:: TASK ::
Every line of the data below should be repeated exactly, and no picture should be copied.

:: THE DATA ::
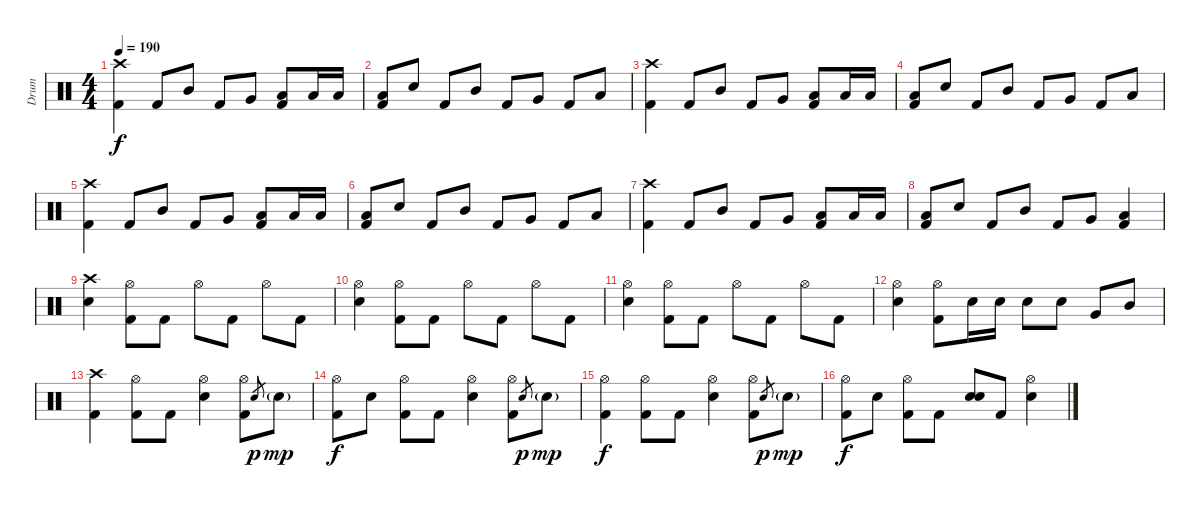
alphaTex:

\track ("Drum" "Drum") {instrument percussion}
\staff {score}
\articulation defaults
\ts (4 4)
\tempo 190
\clef neutral
\ks c
("Crash high (hit)" "Kick (hit) 2").4{dy f} "Kick (hit) 2".8 "Mid Tom (hit)".8 "Kick (hit) 2".8 "Very Low Tom (hit)".8 ("Low Floor Tom (hit)" "Kick (hit) 2").8 "Low Floor Tom (hit)".16 "Low Floor Tom (hit)".16 |
("Low Floor Tom (hit)" "Kick (hit) 2").8 "Electric Snare (hit)".8 "Kick (hit) 2".8 "Mid Tom (hit)".8 "Kick (hit) 2".8 "Very Low Tom (hit)".8 "Kick (hit) 2".8 "Low Floor Tom (hit)".8 |
("Crash high (hit)" "Kick (hit) 2").4 "Kick (hit) 2".8 "Mid Tom (hit)".8 "Kick (hit) 2".8 "Very Low Tom (hit)".8 ("Low Floor Tom (hit)" "Kick (hit) 2").8 "Low Floor Tom (hit)".16 "Low Floor Tom (hit)".16 |
("Low Floor Tom (hit)" "Kick (hit) 2").8 "Electric Snare (hit)".8 "Kick (hit) 2".8 "Mid Tom (hit)".8 "Kick (hit) 2".8 "Very Low Tom (hit)".8 "Kick (hit) 2".8 "Low Floor Tom (hit)".8 |
("Crash high (hit)" "Kick (hit) 2").4 "Kick (hit) 2".8 "Mid Tom (hit)".8 "Kick (hit) 2".8 "Very Low Tom (hit)".8 ("Low Floor Tom (hit)" "Kick (hit) 2").8 "Low Floor Tom (hit)".16 "Low Floor Tom (hit)".16 |
("Low Floor Tom (hit)" "Kick (hit) 2").8 "Electric Snare (hit)".8 "Kick (hit) 2".8 "Mid Tom (hit)".8 "Kick (hit) 2".8 "Very Low Tom (hit)".8 "Kick (hit) 2".8 "Low Floor Tom (hit)".8 |
("Crash high (hit)" "Kick (hit) 2").4 "Kick (hit) 2".8 "Mid Tom (hit)".8 "Kick (hit) 2".8 "Very Low Tom (hit)".8 ("Low Floor Tom (hit)" "Kick (hit) 2").8 "Low Floor Tom (hit)".16 "Low Floor Tom (hit)".16 |
("Low Floor Tom (hit)" "Kick (hit) 2").8 "Electric Snare (hit)".8 "Kick (hit) 2".8 "Mid Tom (hit)".8 "Kick (hit) 2".8 "Very Low Tom (hit)".8 ("Low Floor Tom (hit)" "Kick (hit) 2").4 |
("Crash high (hit)" "Electric Snare (hit)").4 ("Hi-Hat (open)" "Kick (hit) 2").8 "Kick (hit) 2".8 "Hi-Hat (open)".8 "Kick (hit) 2".8 "Hi-Hat (open)".8 "Kick (hit) 2".8 |
("Hi-Hat (open)" "Electric Snare (hit)").4 ("Hi-Hat (open)" "Kick (hit) 2").8 "Kick (hit) 2".8 "Hi-Hat (open)".8 "Kick (hit) 2".8 "Hi-Hat (open)".8 "Kick (hit) 2".8 |
("Hi-Hat (open)" "Electric Snare (hit)").4 ("Hi-Hat (open)" "Kick (hit) 2").8 "Kick (hit) 2".8 "Hi-Hat (open)".8 "Kick (hit) 2".8 "Hi-Hat (open)".8 "Kick (hit) 2".8 |
("Hi-Hat (open)" "Electric Snare (hit)").4 ("Hi-Hat (open)" "Kick (hit) 2").8 "Electric Snare (hit)".16 "Electric Snare (hit)".16 "Electric Snare (hit)".8 "Electric Snare (hit)".8 "Very Low Tom (hit)".8 "Mid Tom (hit)".8 |
("Crash high (hit)" "Kick (hit) 2").4 ("Hi-Hat (open)" "Kick (hit) 2").8 "Kick (hit) 2".8 ("Hi-Hat (open)" "Electric Snare (hit)").4 ("Hi-Hat (open)" "Kick (hit) 2").8 "Electric Snare (hit)".8{gr dy p} "Electric Snare (hit)"{g}.8{dy mp} |
("Hi-Hat (open)" "Kick (hit) 2").8{dy f} "Electric Snare (hit)".8 ("Hi-Hat (open)" "Kick (hit) 2").8 "Kick (hit) 2".8 ("Hi-Hat (open)" "Electric Snare (hit)").4 ("Hi-Hat (open)" "Kick (hit) 2").8 "Electric Snare (hit)".8{gr dy p} "Electric Snare (hit)"{g}.8{dy mp} |
("Hi-Hat (open)" "Kick (hit) 2").4{dy f} ("Hi-Hat (open)" "Kick (hit) 2").8 "Kick (hit) 2".8 ("Hi-Hat (open)" "Electric Snare (hit)").4 ("Hi-Hat (open)" "Kick (hit) 2").8 "Electric Snare (hit)".8{gr dy p} "Electric Snare (hit)"{g}.8{dy mp} |
("Hi-Hat (open)" "Kick (hit) 2").8{dy f} "Electric Snare (hit)".8 ("Hi-Hat (open)" "Kick (hit) 2").8 "Kick (hit) 2".8 ("Electric Snare (hit)" "Electric Snare (hit)").8 "Kick (hit) 2".8 ("Hi-Hat (open)" "Electric Snare (hit)").4

:: TASK ANSWER ::
alphaTex:

\track ("Drum" "Drum") {instrument percussion}
\staff {score}
\articulation defaults
\ts (4 4)
\tempo 190
\clef neutral
\ks c
("Crash high (hit)" "Kick (hit) 2").4{dy f} "Kick (hit) 2".8 "Mid Tom (hit)".8 "Kick (hit) 2".8 "Very Low Tom (hit)".8 ("Low Floor Tom (hit)" "Kick (hit) 2").8 "Low Floor Tom (hit)".16 "Low Floor Tom (hit)".16 |
("Low Floor Tom (hit)" "Kick (hit) 2").8 "Electric Snare (hit)".8 "Kick (hit) 2".8 "Mid Tom (hit)".8 "Kick (hit) 2".8 "Very Low Tom (hit)".8 "Kick (hit) 2".8 "Low Floor Tom (hit)".8 |
("Crash high (hit)" "Kick (hit) 2").4 "Kick (hit) 2".8 "Mid Tom (hit)".8 "Kick (hit) 2".8 "Very Low Tom (hit)".8 ("Low Floor Tom (hit)" "Kick (hit) 2").8 "Low Floor Tom (hit)".16 "Low Floor Tom (hit)".16 |
("Low Floor Tom (hit)" "Kick (hit) 2").8 "Electric Snare (hit)".8 "Kick (hit) 2".8 "Mid Tom (hit)".8 "Kick (hit) 2".8 "Very Low Tom (hit)".8 "Kick (hit) 2".8 "Low Floor Tom (hit)".8 |
("Crash high (hit)" "Kick (hit) 2").4 "Kick (hit) 2".8 "Mid Tom (hit)".8 "Kick (hit) 2".8 "Very Low Tom (hit)".8 ("Low Floor Tom (hit)" "Kick (hit) 2").8 "Low Floor Tom (hit)".16 "Low Floor Tom (hit)".16 |
("Low Floor Tom (hit)" "Kick (hit) 2").8 "Electric Snare (hit)".8 "Kick (hit) 2".8 "Mid Tom (hit)".8 "Kick (hit) 2".8 "Very Low Tom (hit)".8 "Kick (hit) 2".8 "Low Floor Tom (hit)".8 |
("Crash high (hit)" "Kick (hit) 2").4 "Kick (hit) 2".8 "Mid Tom (hit)".8 "Kick (hit) 2".8 "Very Low Tom (hit)".8 ("Low Floor Tom (hit)" "Kick (hit) 2").8 "Low Floor Tom (hit)".16 "Low Floor Tom (hit)".16 |
("Low Floor Tom (hit)" "Kick (hit) 2").8 "Electric Snare (hit)".8 "Kick (hit) 2".8 "Mid Tom (hit)".8 "Kick (hit) 2".8 "Very Low Tom (hit)".8 ("Low Floor Tom (hit)" "Kick (hit) 2").4 |
("Crash high (hit)" "Electric Snare (hit)").4 ("Hi-Hat (open)" "Kick (hit) 2").8 "Kick (hit) 2".8 "Hi-Hat (open)".8 "Kick (hit) 2".8 "Hi-Hat (open)".8 "Kick (hit) 2".8 |
("Hi-Hat (open)" "Electric Snare (hit)").4 ("Hi-Hat (open)" "Kick (hit) 2").8 "Kick (hit) 2".8 "Hi-Hat (open)".8 "Kick (hit) 2".8 "Hi-Hat (open)".8 "Kick (hit) 2".8 |
("Hi-Hat (open)" "Electric Snare (hit)").4 ("Hi-Hat (open)" "Kick (hit) 2").8 "Kick (hit) 2".8 "Hi-Hat (open)".8 "Kick (hit) 2".8 "Hi-Hat (open)".8 "Kick (hit) 2".8 |
("Hi-Hat (open)" "Electric Snare (hit)").4 ("Hi-Hat (open)" "Kick (hit) 2").8 "Electric Snare (hit)".16 "Electric Snare (hit)".16 "Electric Snare (hit)".8 "Electric Snare (hit)".8 "Very Low Tom (hit)".8 "Mid Tom (hit)".8 |
("Crash high (hit)" "Kick (hit) 2").4 ("Hi-Hat (open)" "Kick (hit) 2").8 "Kick (hit) 2".8 ("Hi-Hat (open)" "Electric Snare (hit)").4 ("Hi-Hat (open)" "Kick (hit) 2").8 "Electric Snare (hit)".8{gr dy p} "Electric Snare (hit)"{g}.8{dy mp} |
("Hi-Hat (open)" "Kick (hit) 2").8{dy f} "Electric Snare (hit)".8 ("Hi-Hat (open)" "Kick (hit) 2").8 "Kick (hit) 2".8 ("Hi-Hat (open)" "Electric Snare (hit)").4 ("Hi-Hat (open)" "Kick (hit) 2").8 "Electric Snare (hit)".8{gr dy p} "Electric Snare (hit)"{g}.8{dy mp} |
("Hi-Hat (open)" "Kick (hit) 2").4{dy f} ("Hi-Hat (open)" "Kick (hit) 2").8 "Kick (hit) 2".8 ("Hi-Hat (open)" "Electric Snare (hit)").4 ("Hi-Hat (open)" "Kick (hit) 2").8 "Electric Snare (hit)".8{gr dy p} "Electric Snare (hit)"{g}.8{dy mp} |
("Hi-Hat (open)" "Kick (hit) 2").8{dy f} "Electric Snare (hit)".8 ("Hi-Hat (open)" "Kick (hit) 2").8 "Kick (hit) 2".8 ("Electric Snare (hit)" "Electric Snare (hit)").8 "Kick (hit) 2".8 ("Hi-Hat (open)" "Electric Snare (hit)").4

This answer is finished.